Improving Uber Customer Care with NLP & Machine Learning

To facilitate the best end-to-end experience possible for users, Uber is committed to making customer support easier and more accessible. Working toward this goal, Uber’s Customer Obsession team leverages five different customer-agent communication channels powered by an in-house platform that integrates customer support ticket context for easy issue resolution. With hundreds of thousands of tickets surfacing daily on the platform across 400+ cities worldwide, this team must ensure that agents are empowered to resolve them as accurately and quickly as possible.

Enter COTA, our Customer Obsession Ticket Assistant, a tool that uses machine learning and natural language processing (NLP) techniques to help agents deliver better customer support. Leveraging our Michelangelo machine learning-as-a-service platform on top of our customer support platform, COTA enables quick and efficient issue resolution for more than 90 percent of our inbound support tickets.

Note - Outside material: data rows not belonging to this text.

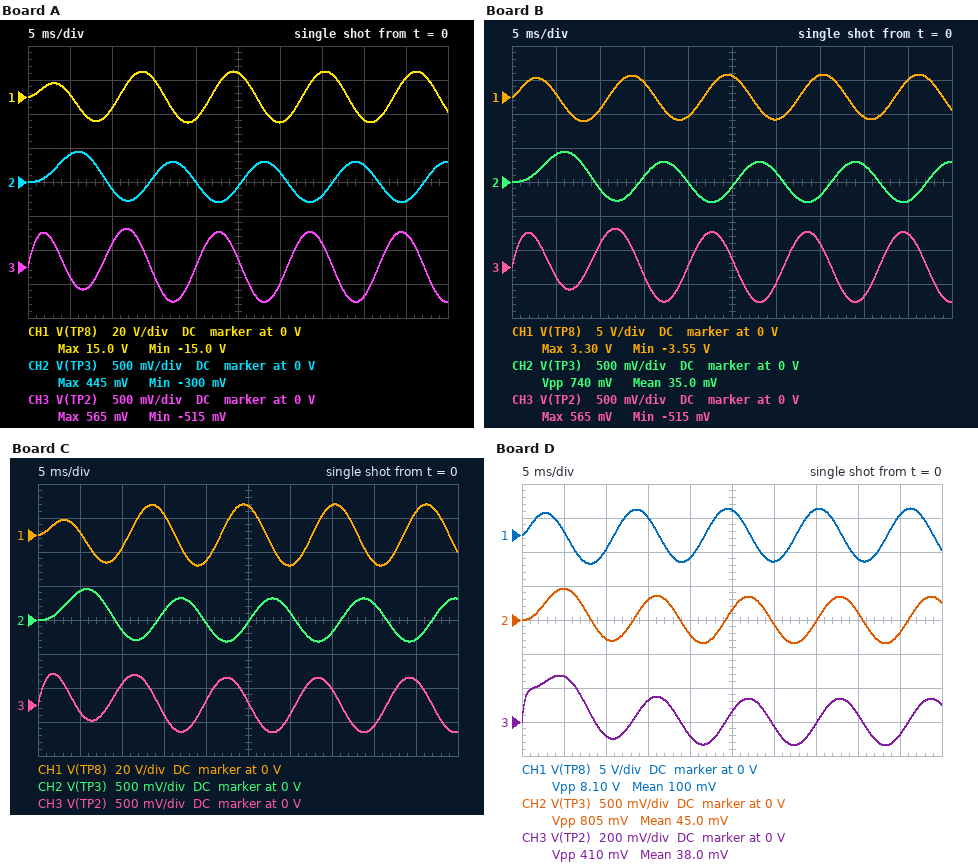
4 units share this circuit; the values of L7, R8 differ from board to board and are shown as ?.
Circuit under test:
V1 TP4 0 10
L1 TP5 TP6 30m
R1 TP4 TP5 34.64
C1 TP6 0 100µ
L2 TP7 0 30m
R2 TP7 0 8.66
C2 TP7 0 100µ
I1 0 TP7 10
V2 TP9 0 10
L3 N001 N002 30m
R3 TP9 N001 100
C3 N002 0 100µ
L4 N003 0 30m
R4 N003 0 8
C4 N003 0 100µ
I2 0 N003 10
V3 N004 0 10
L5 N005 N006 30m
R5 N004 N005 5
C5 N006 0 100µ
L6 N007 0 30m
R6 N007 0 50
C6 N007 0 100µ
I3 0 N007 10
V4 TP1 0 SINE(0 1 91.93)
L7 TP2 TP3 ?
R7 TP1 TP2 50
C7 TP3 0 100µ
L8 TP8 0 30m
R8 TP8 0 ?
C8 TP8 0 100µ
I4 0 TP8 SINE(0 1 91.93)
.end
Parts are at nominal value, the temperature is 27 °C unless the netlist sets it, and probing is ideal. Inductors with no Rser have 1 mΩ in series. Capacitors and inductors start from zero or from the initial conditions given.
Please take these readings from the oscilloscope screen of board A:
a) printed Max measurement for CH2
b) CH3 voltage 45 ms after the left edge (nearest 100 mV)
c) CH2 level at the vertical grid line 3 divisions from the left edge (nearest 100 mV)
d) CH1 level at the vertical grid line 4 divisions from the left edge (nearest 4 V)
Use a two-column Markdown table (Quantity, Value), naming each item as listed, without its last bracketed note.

| Quantity | Value |
|---|---|
| printed Max measurement for CH2 | 445 mV |
| CH3 voltage 45 ms after the left edge | 500 mV |
| CH2 level at the vertical grid line 3 divisions from the left edge | 100 mV |
| CH1 level at the vertical grid line 4 divisions from the left edge | -12 V |
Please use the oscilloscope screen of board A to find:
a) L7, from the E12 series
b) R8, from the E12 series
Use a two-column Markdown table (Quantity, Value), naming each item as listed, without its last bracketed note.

| Quantity | Value |
|---|---|
| L7, from the E12 series | 82 mH |
| R8, from the E12 series | 15 Ω |
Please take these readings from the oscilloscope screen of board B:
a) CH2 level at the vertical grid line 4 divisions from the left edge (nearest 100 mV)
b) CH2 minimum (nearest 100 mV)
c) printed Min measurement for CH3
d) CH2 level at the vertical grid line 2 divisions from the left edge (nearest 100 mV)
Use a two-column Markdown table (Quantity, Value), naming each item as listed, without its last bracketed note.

| Quantity | Value |
|---|---|
| CH2 level at the vertical grid line 4 divisions from the left edge | 0 V |
| CH2 minimum | -300 mV |
| printed Min measurement for CH3 | -515 mV |
| CH2 level at the vertical grid line 2 divisions from the left edge | -100 mV |
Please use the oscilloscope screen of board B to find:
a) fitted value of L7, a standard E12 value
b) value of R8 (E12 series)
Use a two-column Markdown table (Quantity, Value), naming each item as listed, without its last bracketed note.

| Quantity | Value |
|---|---|
| fitted value of L7, a standard E12 value | 82 mH |
| value of R8 | 3.3 Ω |
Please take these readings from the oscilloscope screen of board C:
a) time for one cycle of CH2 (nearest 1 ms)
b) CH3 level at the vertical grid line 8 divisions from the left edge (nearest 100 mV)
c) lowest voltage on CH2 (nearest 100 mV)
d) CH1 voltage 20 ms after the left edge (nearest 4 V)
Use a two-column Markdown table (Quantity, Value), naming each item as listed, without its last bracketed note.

| Quantity | Value |
|---|---|
| time for one cycle of CH2 | 11 ms |
| CH3 level at the vertical grid line 8 divisions from the left edge | -300 mV |
| lowest voltage on CH2 | -300 mV |
| CH1 voltage 20 ms after the left edge | -16 V |
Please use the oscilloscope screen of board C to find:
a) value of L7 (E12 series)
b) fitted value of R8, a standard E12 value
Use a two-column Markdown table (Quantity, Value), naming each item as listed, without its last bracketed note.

| Quantity | Value |
|---|---|
| value of L7 | 68 mH |
| fitted value of R8, a standard E12 value | 18 Ω |
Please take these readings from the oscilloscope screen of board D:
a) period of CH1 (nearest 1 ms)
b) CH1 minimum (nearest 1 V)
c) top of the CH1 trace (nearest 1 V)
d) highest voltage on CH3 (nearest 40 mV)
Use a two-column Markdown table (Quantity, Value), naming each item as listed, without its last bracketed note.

| Quantity | Value |
|---|---|
| period of CH1 | 11 ms |
| CH1 minimum | -4 V |
| top of the CH1 trace | 4 V |
| highest voltage on CH3 | 280 mV |
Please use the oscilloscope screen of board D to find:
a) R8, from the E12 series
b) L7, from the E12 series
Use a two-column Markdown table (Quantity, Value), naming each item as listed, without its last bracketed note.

| Quantity | Value |
|---|---|
| R8, from the E12 series | 3.9 Ω |
| L7, from the E12 series | 18 mH |

In this article, we discuss our motivations behind creating COTA, outline its backend architecture, and showcase how the powerful tool has led to increased customer satisfaction.


Customer support before COTA

When customers contact Uber for support, it is important that we route them to the best possible resolution in a timely manner. One way to facilitate this is to have users click through a hierarchy of issue types when they report an issue; this provides our agents with additional context around the issue, thereby enabling them to solve it more quickly, as detailed in Figure 1, below:

Figure 1: Uber’s customer in-app support flow presents users with an intuitive and easy-to-use interface that highlights trip details and suggests issue types to help with routing.

Although this provides important context, not all of the information needed for solving an issue is obtainable through this process, particularly given the wide variety of possible solutions available. Moreover, the diversity of ways a customer can describe an issue associated with a ticket further complicates the ticket resolution process.

As Uber continues to grow at scale, support agents must be able to handle an ever-increasing volume and diversity of support tickets, from technical errors to fare adjustments. In fact, when an agent opens a ticket, the first thing they need to do is  determine the issue type out of thousands of possibilities—no easy task! Reducing the amount of time agents spend identifying tickets is important because it also decreases the time it takes to resolve issues for users.

Once an issue type is chosen, the next step is to identify the right resolution, with each ticket type possessing a different set of protocols and solutions. With thousands of possible resolutions to choose from, identifying the proper fix to each issue is also a time-intensive process.


Introducing COTA: Customer Obsession Ticket Assistant

We designed COTA to help our customer support representatives improve their speed and accuracy, resulting in an improved customer experience.

In short, COTA leverages Michelangelo to simplify, expedite, and standardize the ticket-resolution workflow. While the current version of COTA is comprised of a set of models that recommend solutions to agents for English-language support tickets, we are in the process of building models that can process Spanish and Portuguese-language tickets, too.

Built on top of our support platform, our Michelangelo-powered models suggest the three most likely issue types and solutions based on ticket content and trip context, depicted below: 

Figure 2: The COTA system architecture is composed of a seven-step workflow.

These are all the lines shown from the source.